* [ASSIGNMENT]: Set out exactly every line of the entries below, starting at the line that holds "5. movable object" and stopping after the line that holds "6. movable object".

═════ DATA SHOWN ═════

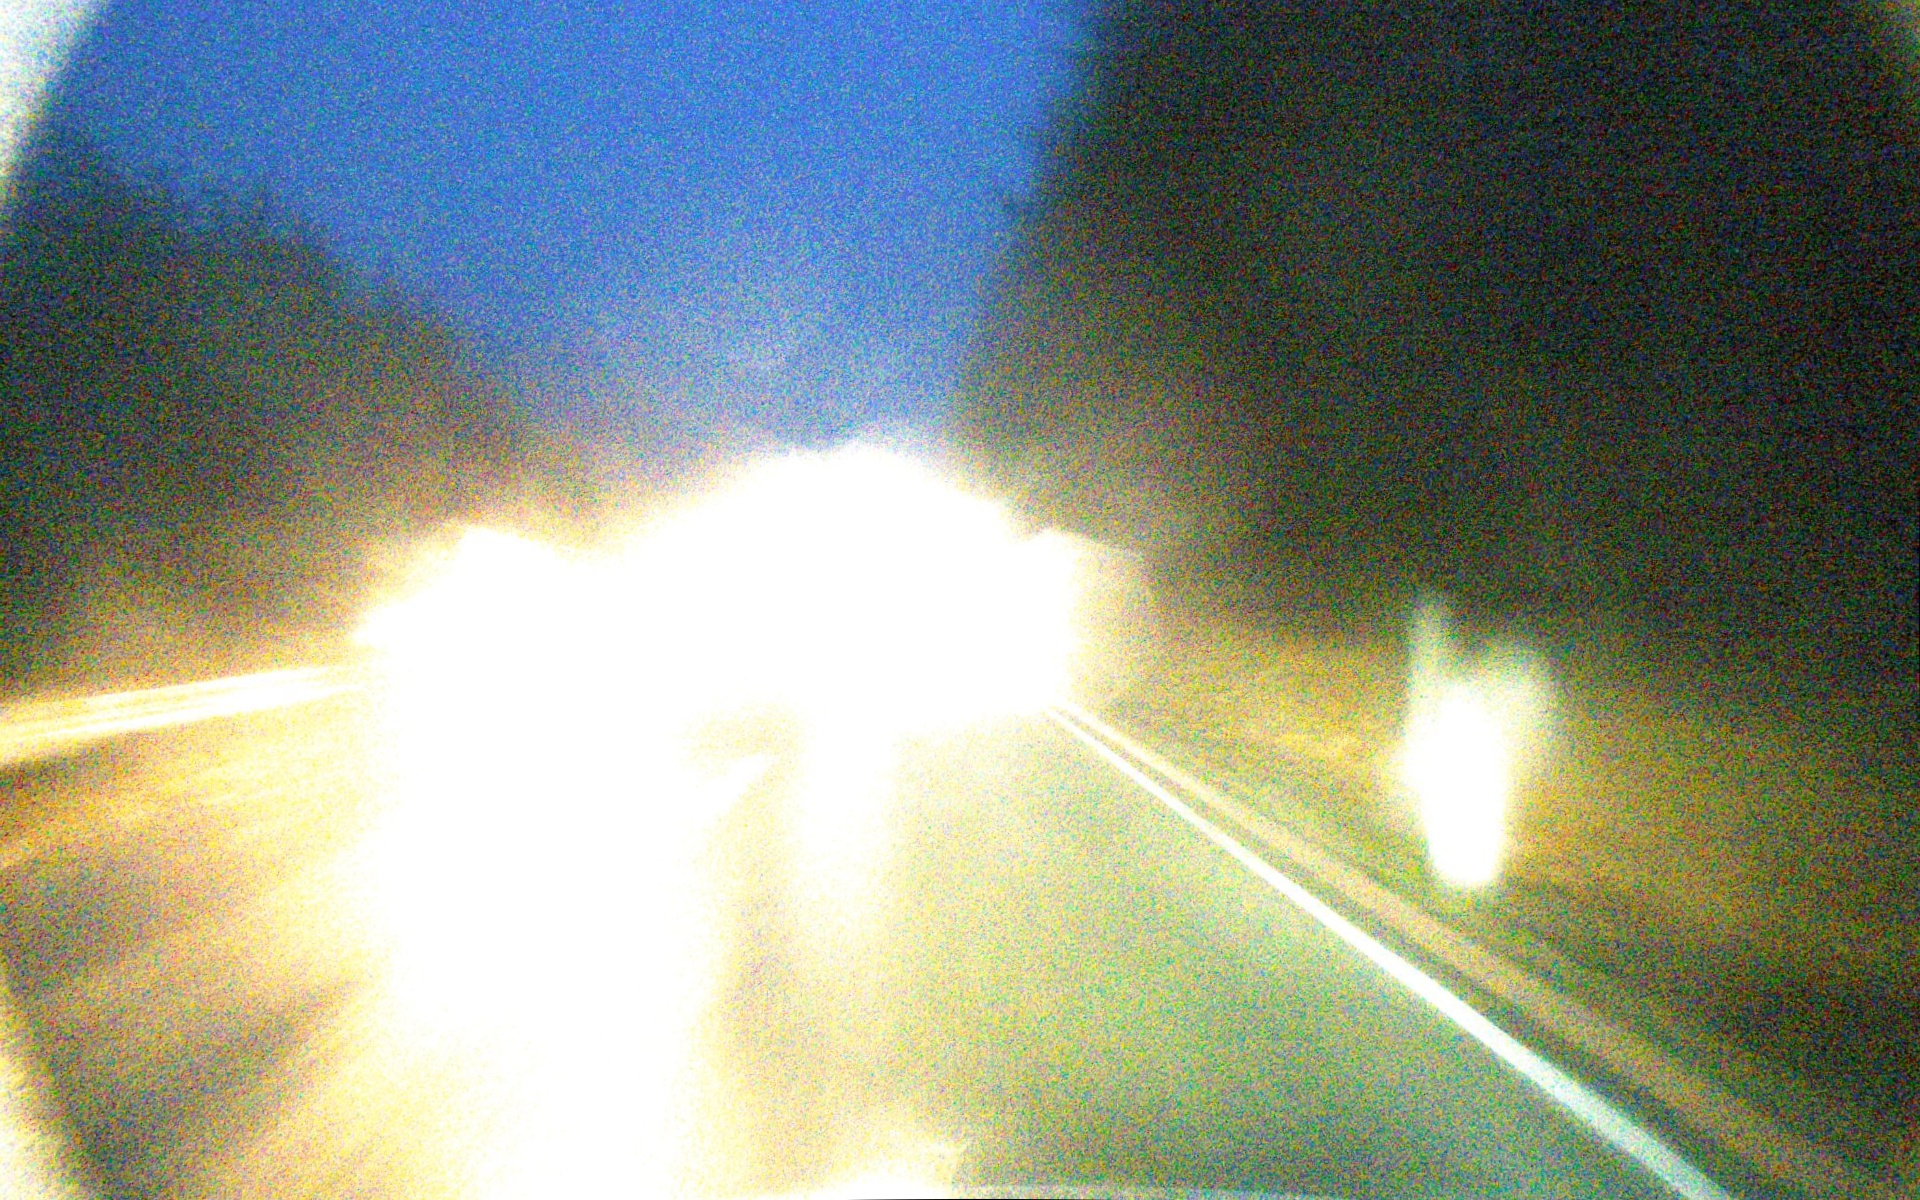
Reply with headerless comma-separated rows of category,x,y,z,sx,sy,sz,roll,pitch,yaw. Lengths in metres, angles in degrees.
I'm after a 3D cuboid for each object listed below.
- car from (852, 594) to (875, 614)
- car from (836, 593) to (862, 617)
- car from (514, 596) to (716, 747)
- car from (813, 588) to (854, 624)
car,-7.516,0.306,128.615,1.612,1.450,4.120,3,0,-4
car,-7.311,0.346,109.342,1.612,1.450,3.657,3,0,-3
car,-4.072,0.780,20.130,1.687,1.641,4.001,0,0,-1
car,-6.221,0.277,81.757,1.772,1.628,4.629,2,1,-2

═════
═════ DATA SHOWN ═════

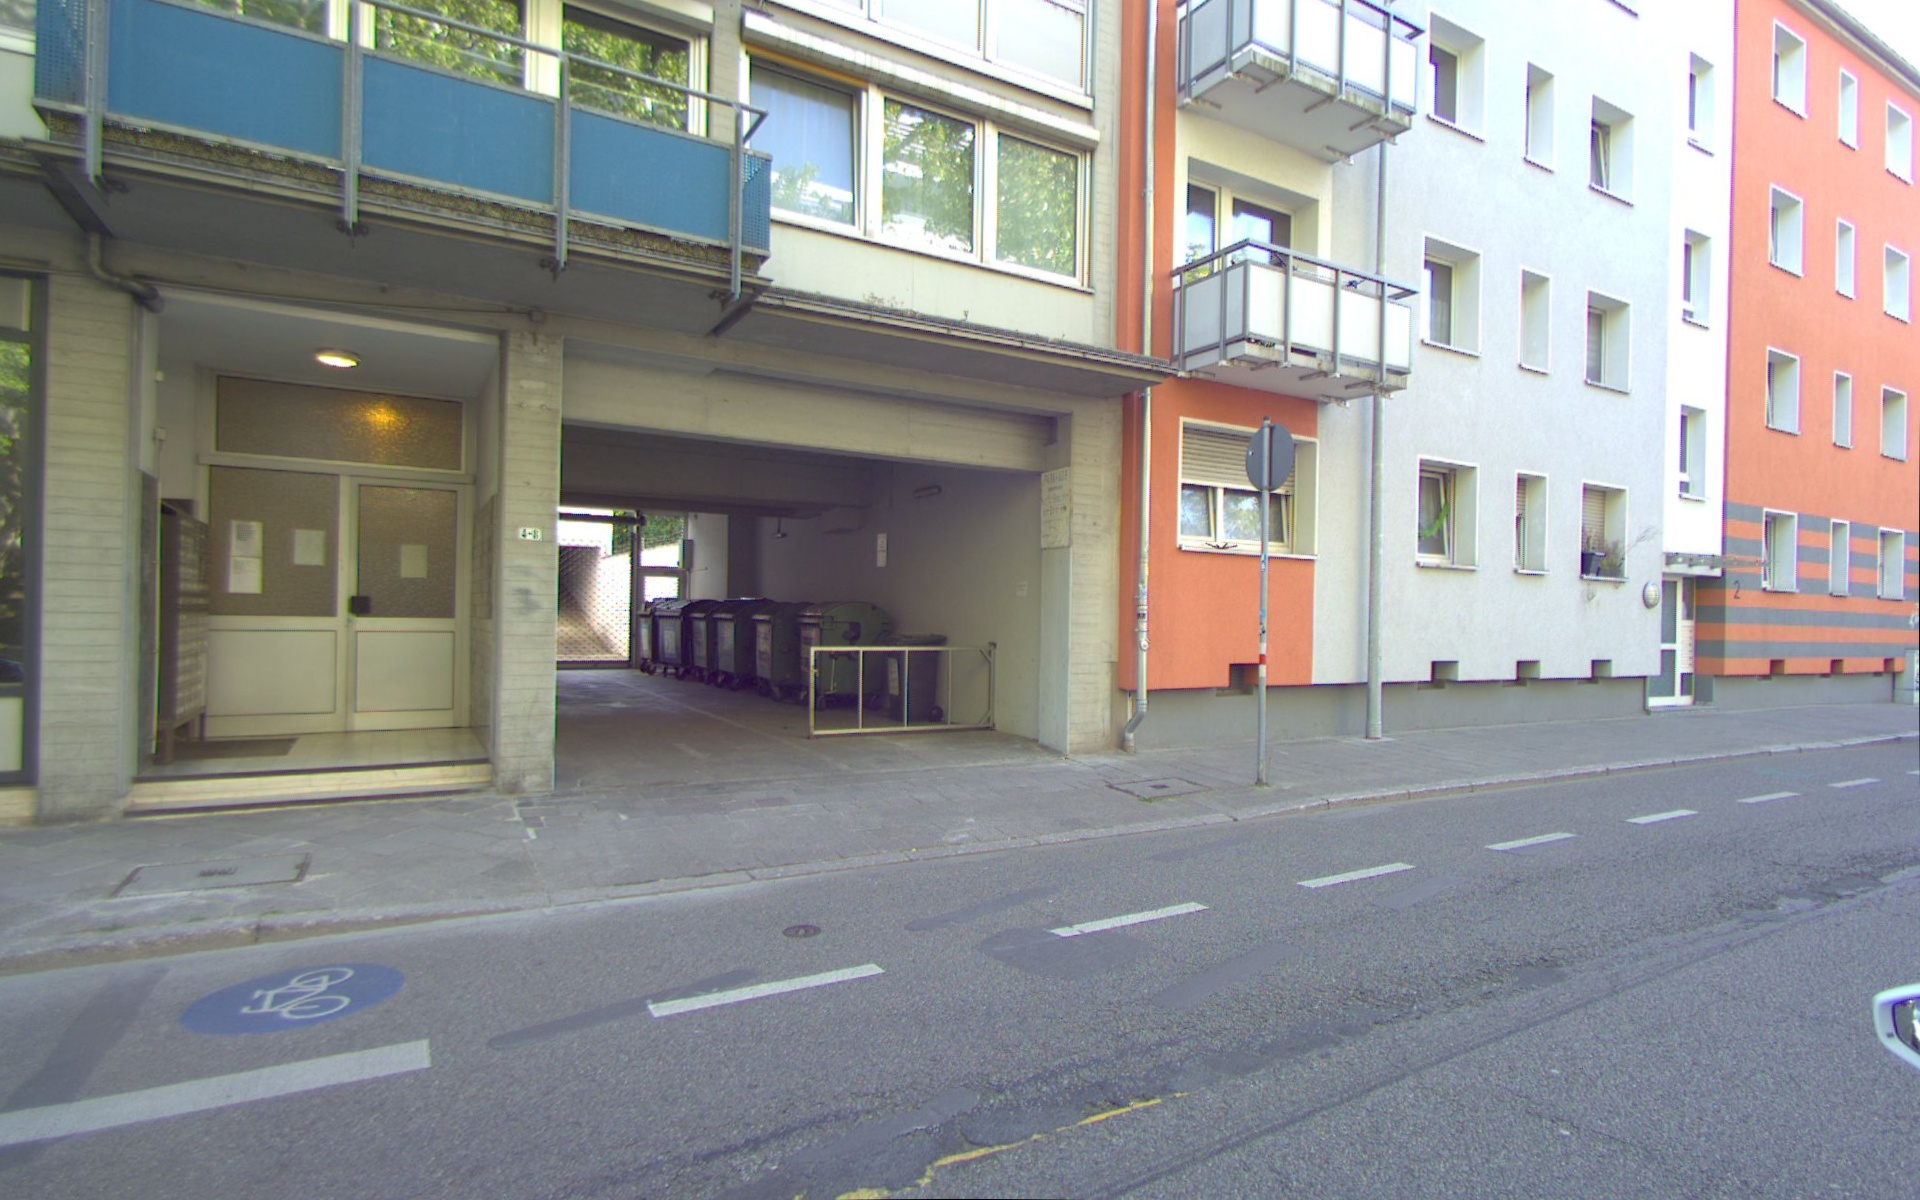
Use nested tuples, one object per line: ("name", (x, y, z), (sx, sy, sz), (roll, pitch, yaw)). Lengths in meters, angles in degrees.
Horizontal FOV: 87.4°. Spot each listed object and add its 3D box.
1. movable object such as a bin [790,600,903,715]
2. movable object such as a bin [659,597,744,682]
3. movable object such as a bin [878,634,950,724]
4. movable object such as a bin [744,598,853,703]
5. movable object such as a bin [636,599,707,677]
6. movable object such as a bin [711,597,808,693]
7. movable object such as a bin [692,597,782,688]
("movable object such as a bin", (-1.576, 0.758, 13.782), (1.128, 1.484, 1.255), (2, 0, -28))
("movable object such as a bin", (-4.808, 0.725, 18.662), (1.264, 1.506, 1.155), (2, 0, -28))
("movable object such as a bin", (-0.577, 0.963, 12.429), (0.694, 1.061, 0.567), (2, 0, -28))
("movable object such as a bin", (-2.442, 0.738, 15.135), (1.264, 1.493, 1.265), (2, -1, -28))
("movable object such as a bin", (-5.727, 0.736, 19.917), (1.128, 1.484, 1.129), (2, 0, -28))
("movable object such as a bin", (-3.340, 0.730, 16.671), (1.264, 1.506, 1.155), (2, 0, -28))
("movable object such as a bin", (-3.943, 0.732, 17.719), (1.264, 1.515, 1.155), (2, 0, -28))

═════

* [RESULT FOR THIS TASK]:
5. movable object such as a bin [636,599,707,677]
6. movable object such as a bin [711,597,808,693]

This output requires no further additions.